„Tag der Archive“ lockte viele Besucher ins Rathaus / „Erster Weltkrieg“ war Themenschwerpunkt
Auf Geschichte neugierig machen

Gescher. „Gleich ist wieder eine Führung im Magazin“, warb Andreas Froning vom Stadtarchiv im Gescheraner Rathaus am Sonntag während des Tages der Archive. Gern folgten zu jeder vollen Stunde Besucher der Einladung, um die Ausstellung mit Themenschwerpunkt „Erster Weltkrieg“ und das Archiv als Lagerstätte alter Dokumente und Fotos in Augenschein zu nehmen.

Sonntag, 09.03.2014, 16:08 Uhr

Im Erdgeschoss und dem ersten Stockwerk des Rathauses konnten derweil besondere Forschungsergebnisse der Archivgruppe gesichtet werden: Große Ehrentafeln unter anderem aus Estern und Tungerloh, Listen, Totenzettel und Briefe, aber auch alte Fotos der Kriegsgeschichte und Gegenstände wie Atemschutzmaske oder Fernglas sind in den Vitrinen zu finden.

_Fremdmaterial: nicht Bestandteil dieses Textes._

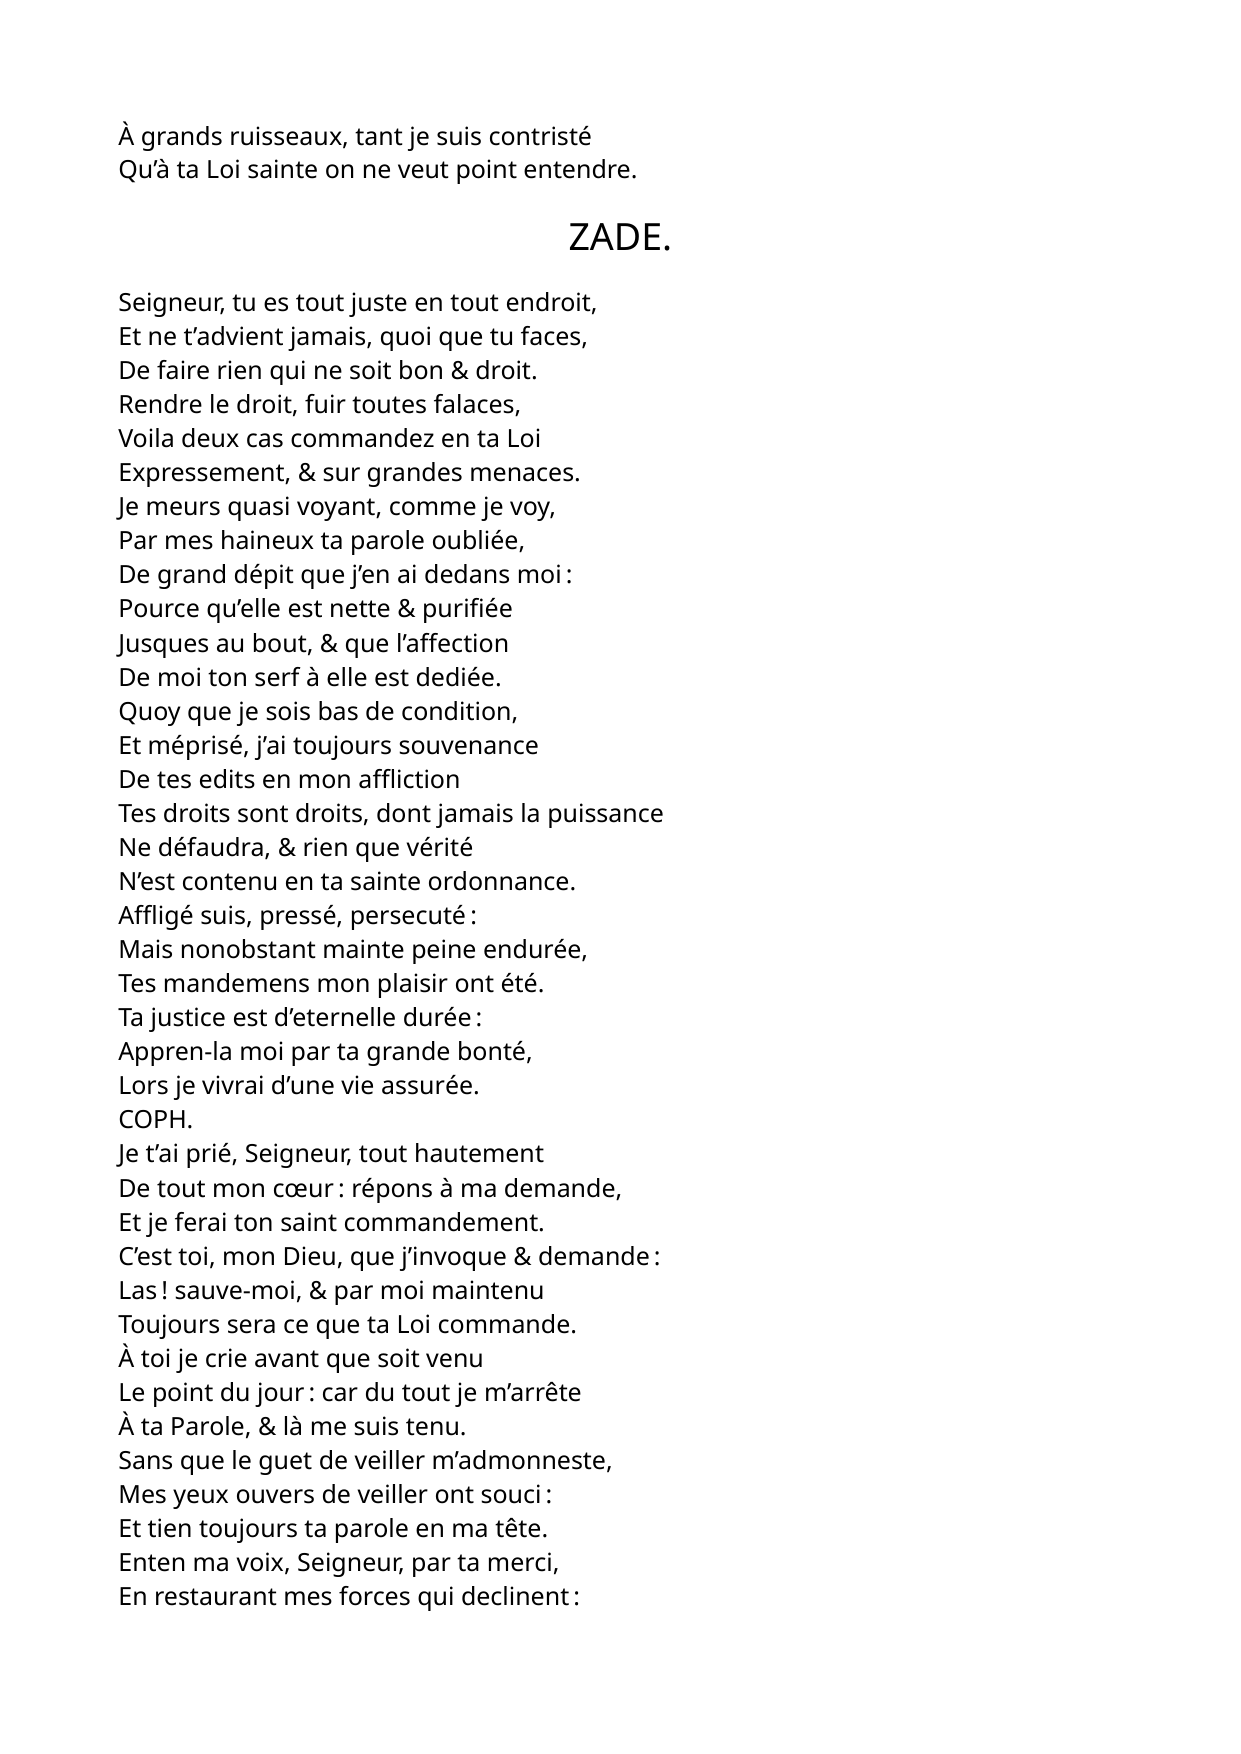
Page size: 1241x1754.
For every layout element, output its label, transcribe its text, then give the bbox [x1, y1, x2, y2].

text Voila deux cas commandez en ta Loi [118, 421, 1122, 455]
text Le point du jour : car du tout je m’arrête [118, 1374, 1122, 1409]
text Tes mandemens mon plaisir ont été. [118, 966, 1122, 1000]
text À grands ruisseaux, tant je suis contristé [118, 118, 1122, 152]
text De moi ton serf à elle est dediée. [118, 659, 1122, 693]
text Affligé suis, pressé, persecuté : [118, 898, 1122, 932]
text Jusques au bout, & que l’affection [118, 625, 1122, 659]
text Lors je vivrai d’une vie assurée. [118, 1068, 1122, 1102]
text Expressement, & sur grandes menaces. [118, 455, 1122, 489]
text Qu’à ta Loi sainte on ne veut point entendre. [118, 152, 1122, 186]
text Et je ferai ton saint commandement. [118, 1204, 1122, 1238]
text Las ! sauve-moi, & par moi maintenu [118, 1272, 1122, 1306]
text Mais nonobstant mainte peine endurée, [118, 932, 1122, 966]
text Pource qu’elle est nette & purifiée [118, 591, 1122, 625]
text Et méprisé, j’ai toujours souvenance [118, 727, 1122, 761]
text De grand dépit que j’en ai dedans moi : [118, 557, 1122, 591]
text Je meurs quasi voyant, comme je voy, [118, 489, 1122, 523]
text Toujours sera ce que ta Loi commande. [118, 1306, 1122, 1341]
text Rendre le droit, fuir toutes falaces, [118, 387, 1122, 421]
text Ta justice est d’eternelle durée : [118, 1000, 1122, 1034]
text Seigneur, tu es tout juste en tout endroit, [118, 284, 1122, 319]
text Ne défaudra, & rien que vérité [118, 829, 1122, 864]
text À ta Parole, & là me suis tenu. [118, 1409, 1122, 1443]
text C’est toi, mon Dieu, que j’invoque & demande : [118, 1238, 1122, 1272]
text Tes droits sont droits, dont jamais la puissance [118, 796, 1122, 829]
text De tout mon cœur : répons à ma demande, [118, 1170, 1122, 1204]
text À toi je crie avant que soit venu [118, 1341, 1122, 1374]
text De tes edits en mon affliction [118, 761, 1122, 796]
text Mes yeux ouvers de veiller ont souci : [118, 1477, 1122, 1511]
text Sans que le guet de veiller m’admonneste, [118, 1443, 1122, 1477]
text Enten ma voix, Seigneur, par ta merci, [118, 1545, 1122, 1579]
text Quoy que je sois bas de condition, [118, 693, 1122, 727]
text Et tien toujours ta parole en ma tête. [118, 1511, 1122, 1545]
text De faire rien qui ne soit bon & droit. [118, 353, 1122, 387]
text COPH. [118, 1102, 1122, 1136]
text Je t’ai prié, Seigneur, tout hautement [118, 1136, 1122, 1170]
text Par mes haineux ta parole oubliée, [118, 523, 1122, 557]
text Appren-la moi par ta grande bonté, [118, 1034, 1122, 1068]
text ZADE. [118, 210, 1122, 261]
text En restaurant mes forces qui declinent : [118, 1579, 1122, 1613]
text N’est contenu en ta sainte ordonnance. [118, 864, 1122, 898]
text Et ne t’advient jamais, quoi que tu faces, [118, 319, 1122, 353]

Die persönlichen Briefe gaben dabei einen Einblick aus erster Hand von Kriegsbetroffenen, während Fotos und Totenzettel den Besuchern in besonderer Weise die Tragik der Geschichte näher brachten. Die Kriegsleiden lösten bei den Archivgästen Betroffenheit aus. Und gleichzeitig machte so manches Exponat staunen, denn heute dürften Dokumente wie „Kartoffelbezugsscheine“ kaum bekannt, geschweige denn vonnöten sein.

„Man braucht zur Besichtigung sehr viel Geduld und die nötige Zeit“, schmunzelte Ralf Schmiing, der bereits seit nunmehr neun Jahren das Grab seines Großvaters Hermann sucht. Dieser gehörte im zweiten Weltkrieg dem Kampfgeschwader 6 an und verstarb auf dem Heimweg während der Zugreise. „Anfangs sollte das Suchergebnis eine Überraschung für die Tante werden“, fügte Schmiing hinzu, während er Besuchern seine bisherigen Ergebnisse in Form von Briefen, Dokumenten, Aussagen von Zeitzeugen und Bildern präsentierte.

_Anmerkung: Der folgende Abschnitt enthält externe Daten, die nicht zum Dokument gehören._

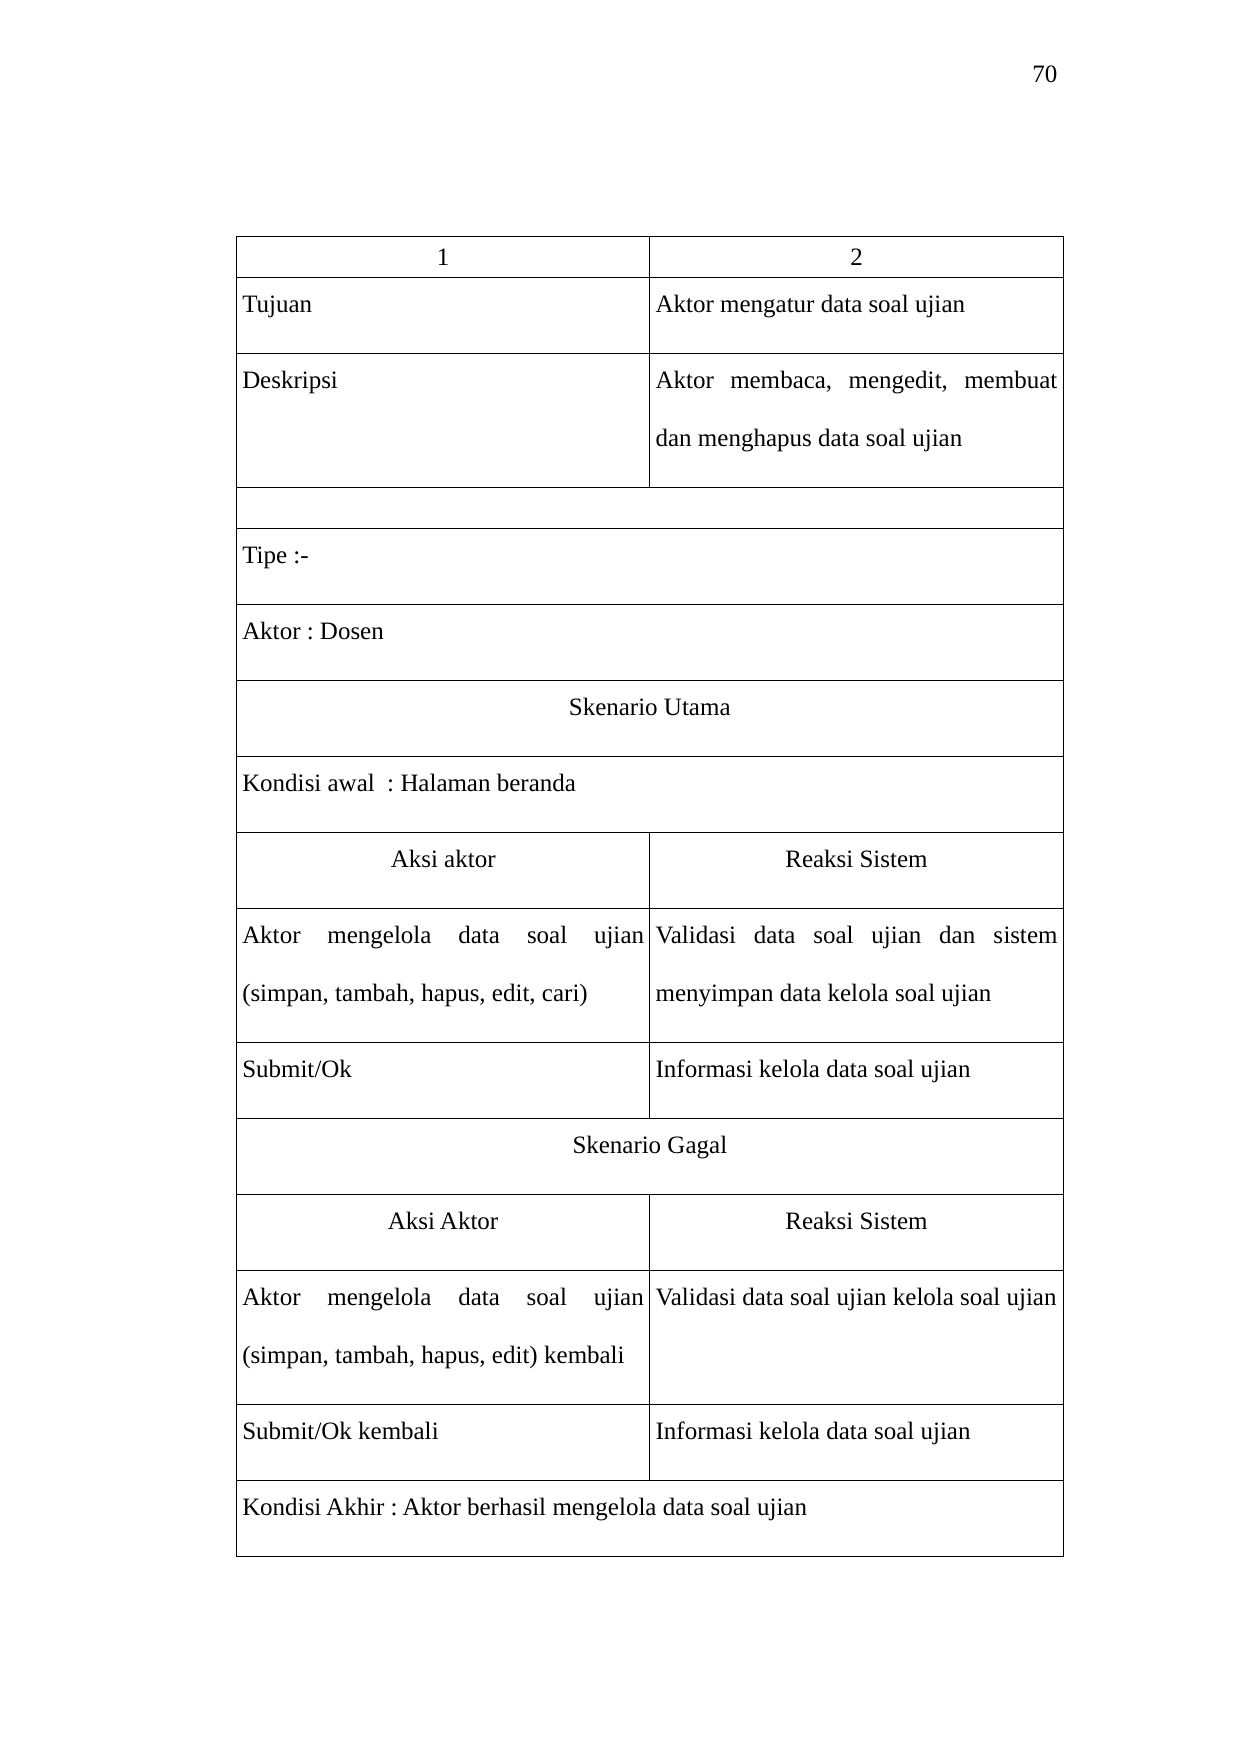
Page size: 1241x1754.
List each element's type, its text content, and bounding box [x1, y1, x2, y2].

Gern stand Schmiing direkt vor Ort beratend zur Seite, um Interessierten den Einstieg in die Forschung zu erleichtern. Auch weitere Mitglieder der Archivgruppe gaben gern tiefere Einblicke in ihre Forschungen etwa über die Geschichte der Gescheraner Schulen oder die eigenen Familienchroniken.

Bereits zum siebten Mal fand bundesweit der „Tag der Archive“ statt, um Besuchern die Arbeit der Archivare näher zu bringen und um das Interesse an der Geschichte der eigenen Stadt oder Familie zu wecken. So freuten sich Willi Wiemold und Andreas Froning, dass zahlreiche Besucher den Weg in das Gescheraner Archiv gefunden hatten. „Einer ist direkt nach dem Mittagessen hierher und hat gar auf den Mittagsschlaf verzichtet“, freute sich Wiemold darüber, dass selbst in der „schwierigen Mittagszeit“ bei bestem Frühlingswetter ein ständiges Kommen und Gehen herrschte.

Gern gesehen vom Museumsteam sind Archivforscher und -interessierte auch zu den „normalen“ Öffnungszeiten:

| Dienstags und mittwochs: 9 bis 12.30 Uhr; donnerstags: 15 bis 18 Uhr; freitags: 18 bis 22 Uhr.